HEAT VISION

How Early 'Avengers' Screening Influenced 'Spider-Man: Far From Home'

Tom Holland and more detail the emotional stakes to the 'Endgame' followup.
Tom Holland at Wednesday's 'Spider-Man: Far From Home' premiere in Hollywood   |   Gregg DeGuire/WireImage
Tom Holland and more detail the emotional stakes to the 'Endgame' followup.

The Spider-Man: Far From Home team faced an unusual challenge.

It had to follow Avengers: Endgame, a film that has become the second-biggest movie of all time. It had to chart a course for the Marvel Cinematic Universe following the death of Iron Man (Robert Downey Jr.). And it had to do it all without the Far From Home team seeing Endgame until late in the process, due to the films coming out just months apart.

Screenwriters Chris McKenna and Erik Sommers were informed early on about two big revelations from Endgame: that Downey's Tony Stark would die, and that the film would take place after a five-year time jump that saw the deaths of Infinity War reversed. These were tough issues to work through, and the duo spent days debating them. For instance: If you were snapped away in a plane and are then were snapped back, would you re-appear in mid-air? What's it like if you're a teen who was snapped and suddenly your little brother is older than you?

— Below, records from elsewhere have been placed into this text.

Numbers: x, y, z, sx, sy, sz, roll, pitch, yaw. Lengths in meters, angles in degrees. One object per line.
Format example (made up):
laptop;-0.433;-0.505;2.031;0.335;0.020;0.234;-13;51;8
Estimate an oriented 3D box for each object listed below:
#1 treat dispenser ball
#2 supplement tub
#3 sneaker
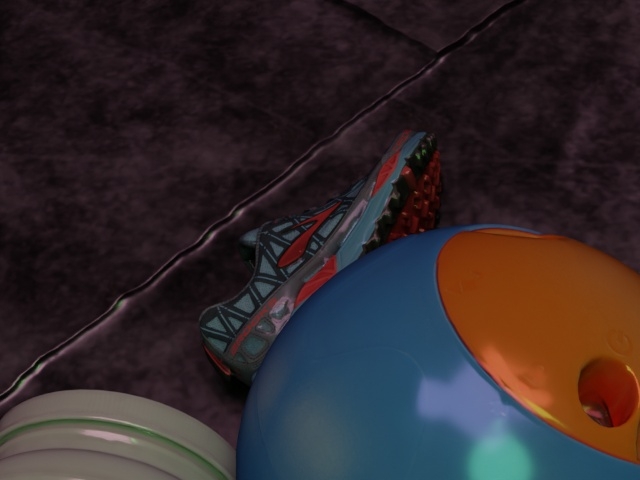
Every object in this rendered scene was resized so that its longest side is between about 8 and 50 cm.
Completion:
treat dispenser ball;0.095;0.133;0.896;0.288;0.288;0.288;-3;46;3
supplement tub;-0.143;0.241;0.886;0.191;0.191;0.272;3;47;9
sneaker;0.000;0.000;1.162;0.125;0.104;0.262;17;51;24

"We had so many conversations," McKenna told The Hollywood Reporter at Wednesday's premiere at the TCL Chinese Theater. "If half of life in the universe was snapped does that include pets? E.coli?"

Spider-Man actor Tom Holland does the emotional heavy lifting in Far From Home, which sees him mourning the loss of his mentor Tony Stark after the hero sacrificed his life to defeat Thanos (Josh Brolin). 

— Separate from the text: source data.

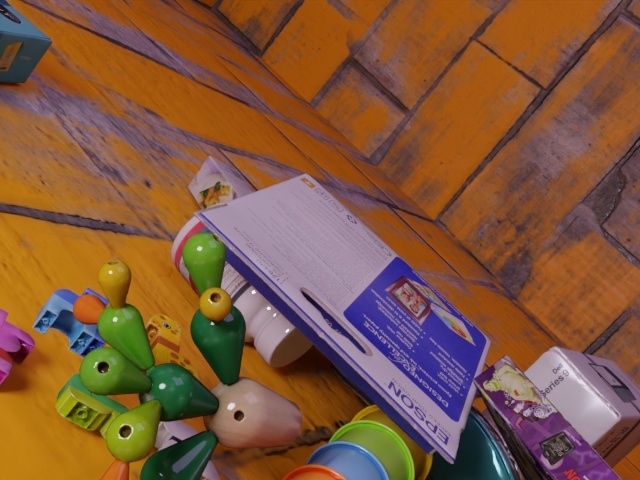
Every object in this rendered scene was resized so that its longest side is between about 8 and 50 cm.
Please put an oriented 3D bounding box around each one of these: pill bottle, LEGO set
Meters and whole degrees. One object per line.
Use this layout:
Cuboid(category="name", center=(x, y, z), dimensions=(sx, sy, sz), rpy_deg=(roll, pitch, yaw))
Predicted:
Cuboid(category="pill bottle", center=(-0.078, 0.051, 0.886), dimensions=(0.180, 0.108, 0.108), rpy_deg=(47, 16, 25))
Cuboid(category="LEGO set", center=(-0.155, 0.093, 0.602), dimensions=(0.227, 0.087, 0.093), rpy_deg=(36, 15, -20))

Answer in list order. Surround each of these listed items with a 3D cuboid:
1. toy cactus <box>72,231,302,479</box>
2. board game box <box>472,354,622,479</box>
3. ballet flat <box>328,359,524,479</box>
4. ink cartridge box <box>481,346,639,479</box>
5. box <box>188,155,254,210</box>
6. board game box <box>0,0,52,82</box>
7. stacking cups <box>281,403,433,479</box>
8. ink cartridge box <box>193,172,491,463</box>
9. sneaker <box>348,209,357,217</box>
Cuboid(category="toy cactus", center=(-0.091, 0.111, 0.526), dimensions=(0.112, 0.219, 0.180), rpy_deg=(-6, -23, 42))
Cuboid(category="board game box", center=(0.266, 0.280, 0.756), dimensions=(0.208, 0.056, 0.347), rpy_deg=(46, -9, 50))
Cuboid(category="ballet flat", center=(0.138, 0.216, 0.958), dimensions=(0.316, 0.107, 0.106), rpy_deg=(48, 9, 25))
Cuboid(category="ink cartridge box", center=(0.328, 0.266, 1.067), dimensions=(0.289, 0.211, 0.121), rpy_deg=(18, 28, -54))
Cuboid(category="box", center=(-0.101, -0.017, 1.080), dimensions=(0.067, 0.063, 0.324), rpy_deg=(26, 15, -38))
Cuboid(category="board game box", center=(-0.505, -0.291, 0.895), dimensions=(0.253, 0.079, 0.336), rpy_deg=(40, 14, 2))
Cuboid(category="stacking cups", center=(0.009, 0.210, 0.654), dimensions=(0.096, 0.096, 0.316), rpy_deg=(44, 15, 17))
Cuboid(category="ink cartridge box", center=(0.029, 0.067, 0.794), dimensions=(0.303, 0.072, 0.307), rpy_deg=(44, 23, 5))
Cuboid(category="sneaker", center=(0.000, 0.000, 1.207), dimensions=(0.104, 0.125, 0.262), rpy_deg=(38, 14, -5))

"I was there on his last day [on Endgame]," Holland told THR. "I was there for his last shot. It was a very emotional day. He has been such a good role model to me for the last five years. … He's a dear friend of mine and he will be missed."

Not everyone on Far From Home knew the main beats of Endgame, which led to some late adjustments.

"They did show us Endgame early, but way into the process on this film," says Dan Lebental, who edited Far From Home with Leigh Folsom Boyd. "At a certain point we had our conceptions of what Endgame was, but then I saw it. 'OK. We need to make a few adjustments.'"

Boyd had assumed that everyone had died, not just Tony and Black Widow (Scarlett Johansson). 

"We did have to adjust it to feel light, and then it became, really make it the father-son connection between Tony Stark and Peter," said Lebental.

Sony, which produced Far From Home with Marvel Studios, has found big successes with its Spider-Man universe as of late. October's Venom, starring Tom Hardy, overperformed with $855 million globally, while December's animated Spider-Man: Into the Spider-Verse earned an animation Oscar. It has the spinoff Morbius, starring Jared Leto, currently shooting and out next year.

"It is certainly one of the crown jewels," Sony film chief Tom Rothman told THR. "The thing we've been excited about recently at Sony is Spider-Man has become part of a larger universe for us."

Spider-Man: Far From Home opens July 2.